Ignoring the order, she continued toward them, a strange
exhiliration trembling her limbs. "Halt!" that one shouted again.
This time, she stopped, focused on that one. The sergeant,
obviously. "I will enter," she said quietly. "Do not trouble
yourselves."
There was silence, as she counted her breaths, relaxed into
that steady rhythm, calmed the thudding of her heart so that it
did not ring so loudly in her ears. The stormtroopers didn't
move. After a long moment she walked through their ranks, Andra
trailing behind her and looking from one side to another in
astonishment. They passed the last trooper, and under the arched
entranceway of the garrison outpost.

The New Republic ground forces crawled along the garrison
road, no more than a strike force but, in General Lewons'
estimation, more than adequate.
He hoped so, anyway. He was in a bad temper this morning;
Kantwel had officially ceded Trask, and chasing off after this
Jedi witchwoman wasn't particularly high on his list of things he
preferred to be doing. When he had said as much to Senator
Organa, though, she had quietly pointed out that the Traskan
garrison could still cause trouble. His suggestion that a few
well-placed blasts from Rogue Squadron, currently cooling its
collective heels in orbit, would settle the matter handily had
been met with a solid refusal.
Well, so be it.
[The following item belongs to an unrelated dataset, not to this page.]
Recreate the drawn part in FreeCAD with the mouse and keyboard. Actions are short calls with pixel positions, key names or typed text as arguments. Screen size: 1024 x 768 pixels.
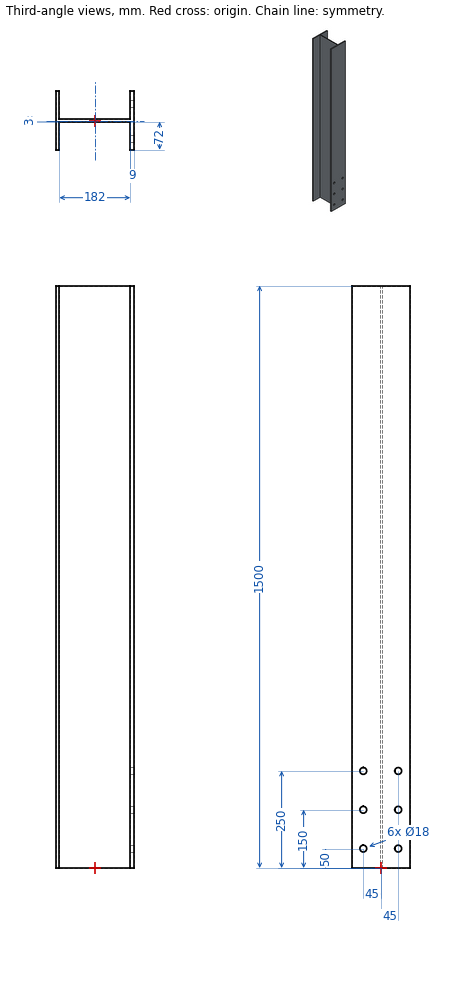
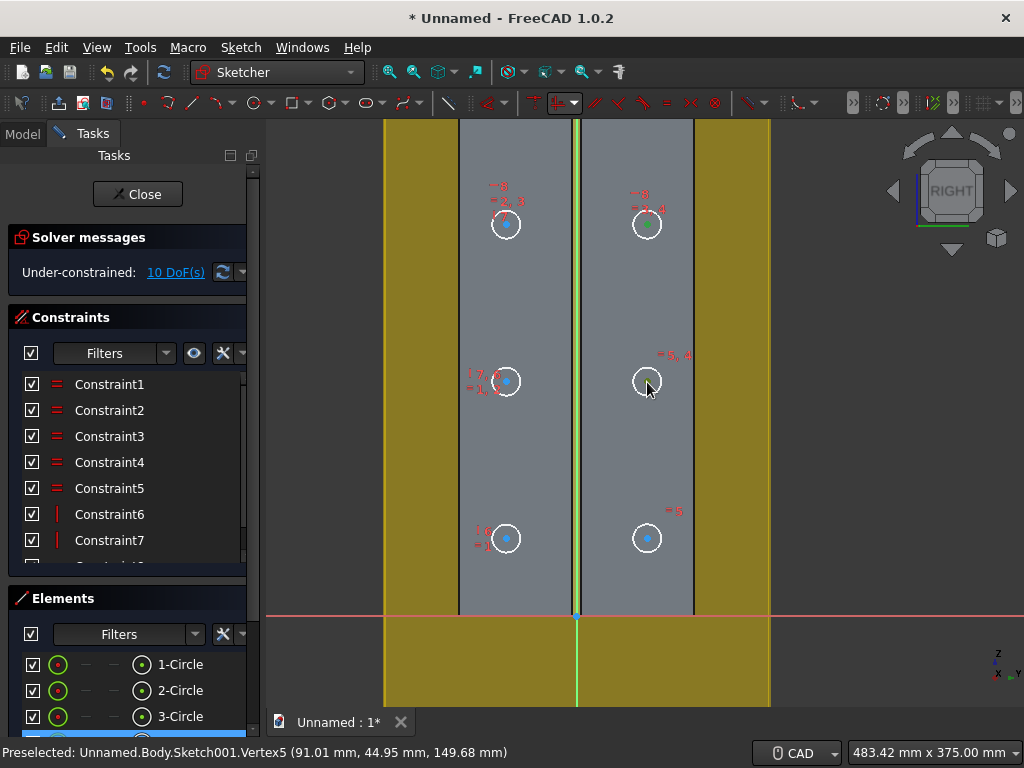
click(576, 104)
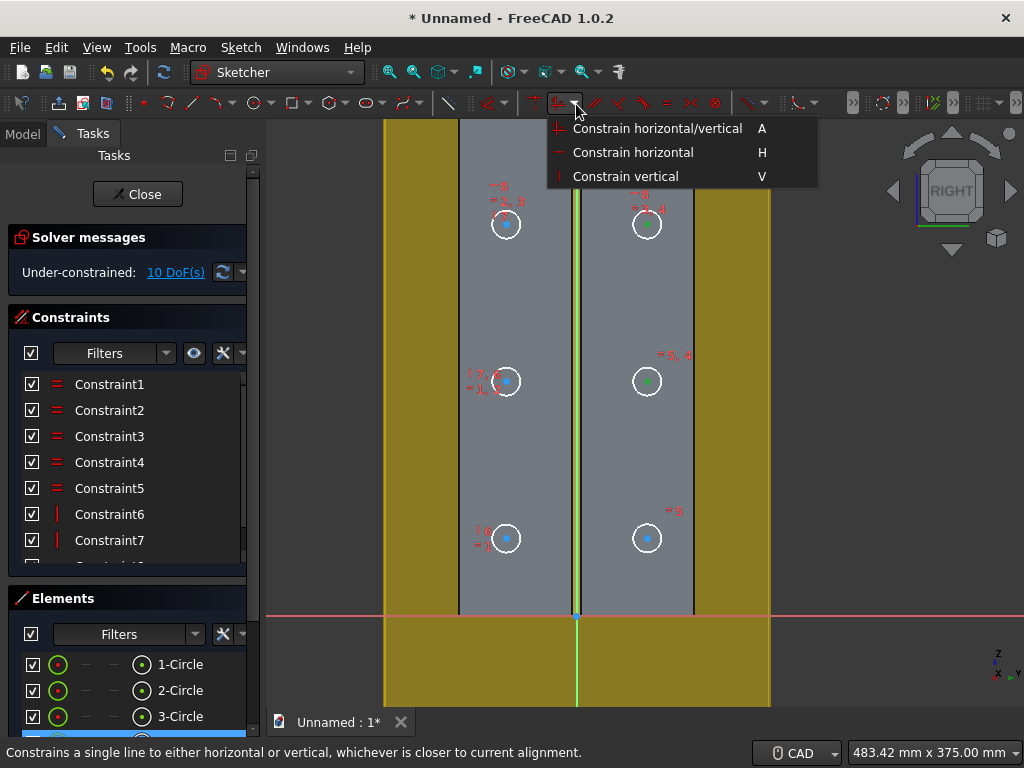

Whatever the senator's motivations were, he
knew her instincts were good. The woman had commanded her own
cell during the rebellion, she wasn't completely ignorant of
tactics. Her determination to go through with this could hardly
be ignored.
Leia, at the moment, had gone ahead with a small scout team,
to prevent unwelcome surprises on both sides. Now she and Han,
with a small group of troopers, mounted on speeder bikes that
sped over the road at upwards of two hundred miles per hour,
watched the small but complete sensor arrays that scanned the
road ahead and the surrounding countryside for life forms and
other obstructions. The road showed clear for the next thirty
miles; not much advance warning at the speeds they were reaching,
but some. Lewons followed, at a slower pace, with the main body
of the strike force; ETA for the outpost was late afternoon,
since they would have to slow down considerably once they reached
the mountains. According to the Governor, their adversary would
have sent the garrison forces to cover the mountainside,
intending to keep them from ever reaching the outpost itself.
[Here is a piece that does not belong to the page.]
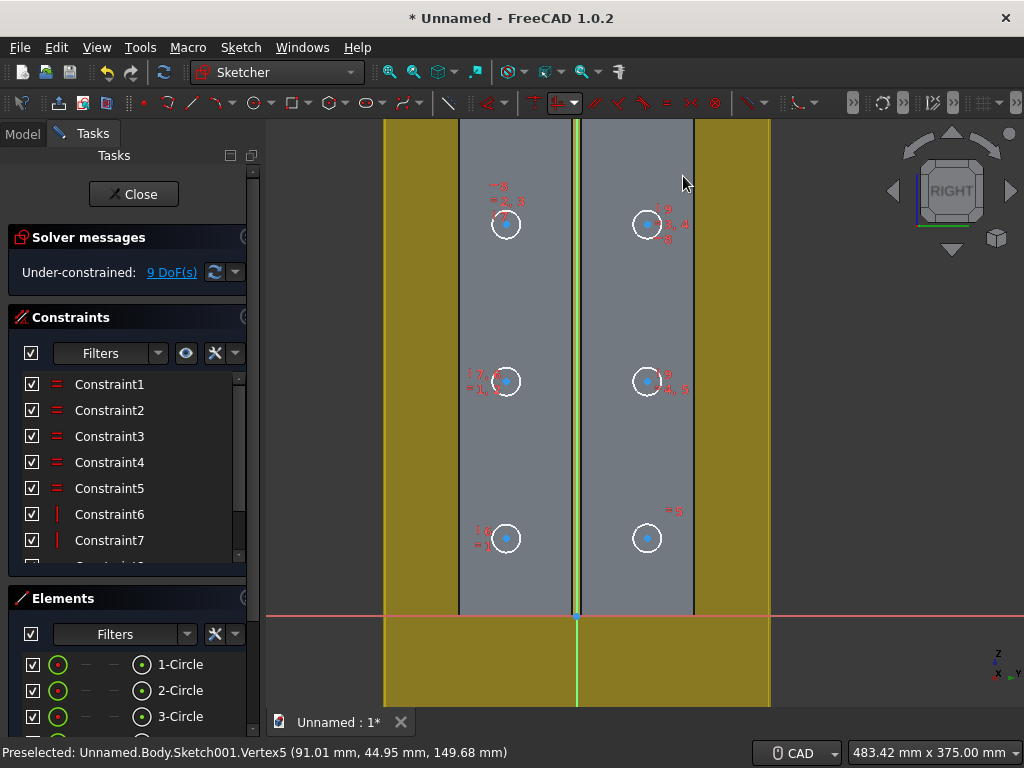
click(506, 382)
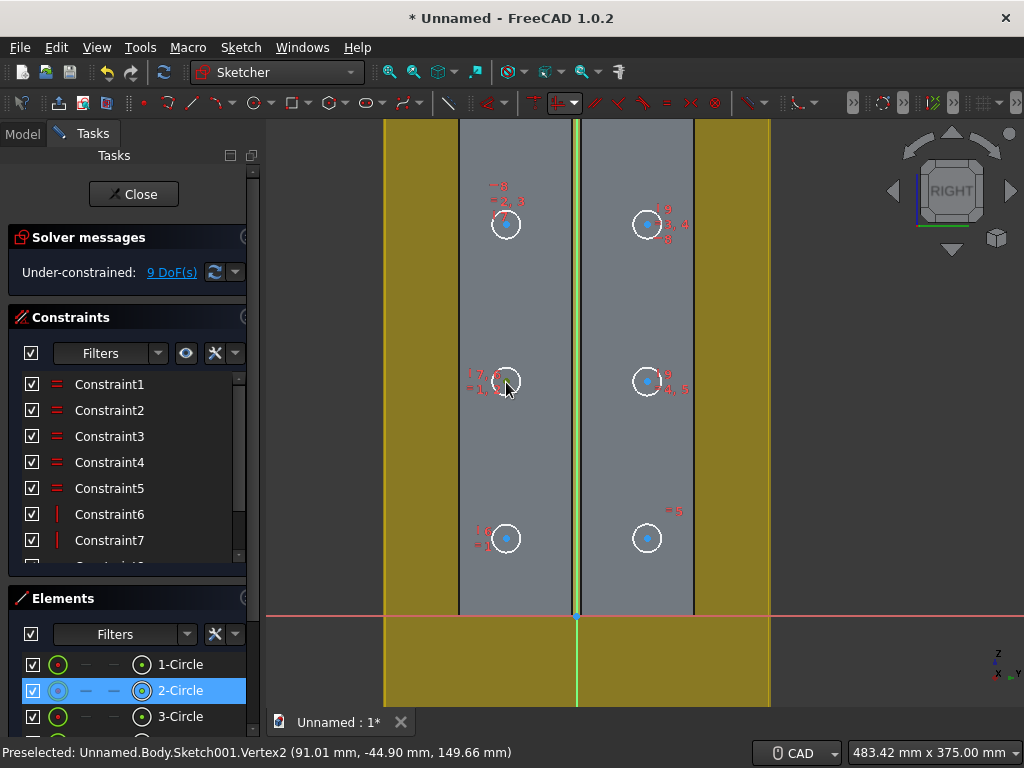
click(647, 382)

So he can deal with K'Tarah at his leisure, she thought,
feeling a chill that was not entirely due to the wind. And
wondered where Luke was. Her attempts to reach him, and K'Tarah
as well, had been met with silence.
The land below them wrinkled, and soon the road was climbing
into hills. They slowed now, dropping back closer to the main
force; Leia adjusted her sensor controls to a wider focus as
trees began to appear on either side of the path. Very soon now,
if Kantwel was right, they would be attacked if they weren't
careful.
Aboard his own bike, Han started as his console blatted a
long, highly irritating tone. With the comm system still down,
they'd synchronized chronometers before starting out. This
particular alarm was the signal to fall back to the main force.
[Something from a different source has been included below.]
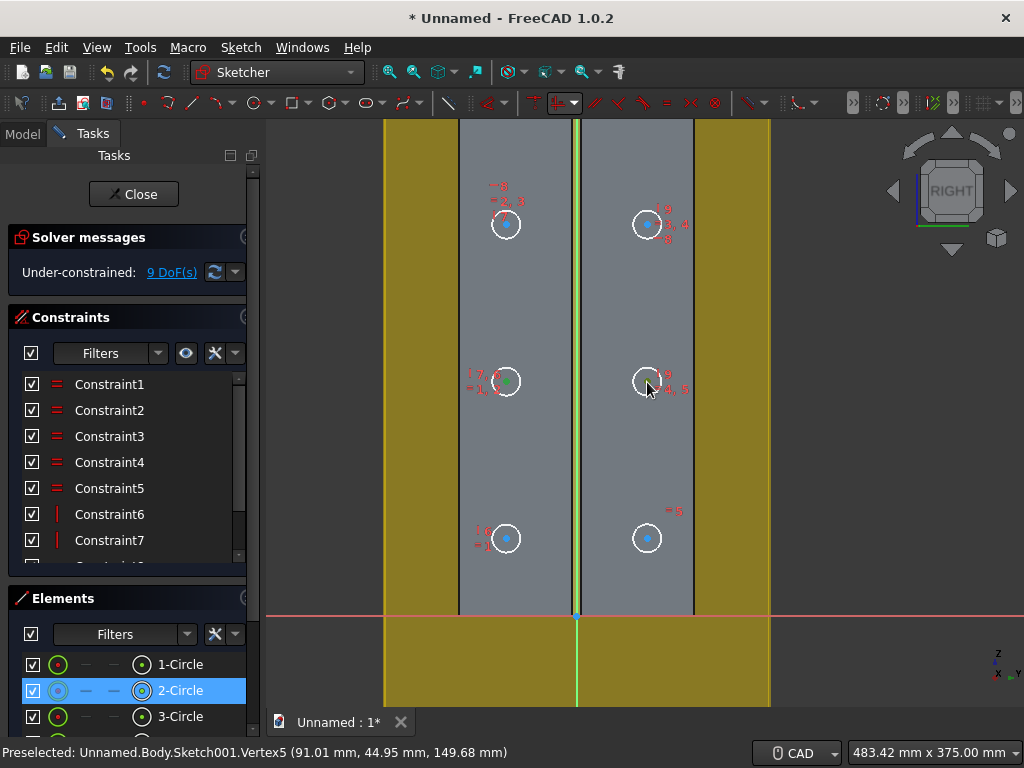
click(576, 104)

"Right," he muttered, and raised one arm. As one the advance
group slowed even further, a gradual deceleration as the miles
slipped away, until the main squad drew into sight behind them.
They were at the foot of the mountains by the time Lewons caught
up with them at the speeds they'd reached. It was there that the
general called a halt.
"Anything?" he asked, as his troops began unloading rifles
and slinging them over their shoulders. A modified heavy cannon
was being pulled off its transport in pieces; from here it would
be carried.
Leia shook her head. "Nothing." It didn't feel right. The
Imperial garrison troops had to know which way they'd come, if
they resorted to a ground attack at all; she couldn't believe
they'd gotten this far unnoticed.
Apparently Lewons agreed; after taking stock of the
situation, he detailed a rearguard to cover the transports and
left them the heavy cannon, pointed up the road toward the
garrison. He then ordered an opening cut in the stanchioned fence
that ran along both sides of the road. Within minutes the entire
squad was in among the trees. Point guards were sent off in
various directions; trained for this sort of activity, they
melted silently into the woods. The main squad moved out parallel
to the road, keeping it in view to their right but staying out of
sight.
Leia moved forward, blaster out and ready. The forest seemed
to bristle with hostility, although she couldn't pinpoint it. She
stretched out, relaxed into that presence instead of guarding
against it, seeking places garrison troops might be hidden.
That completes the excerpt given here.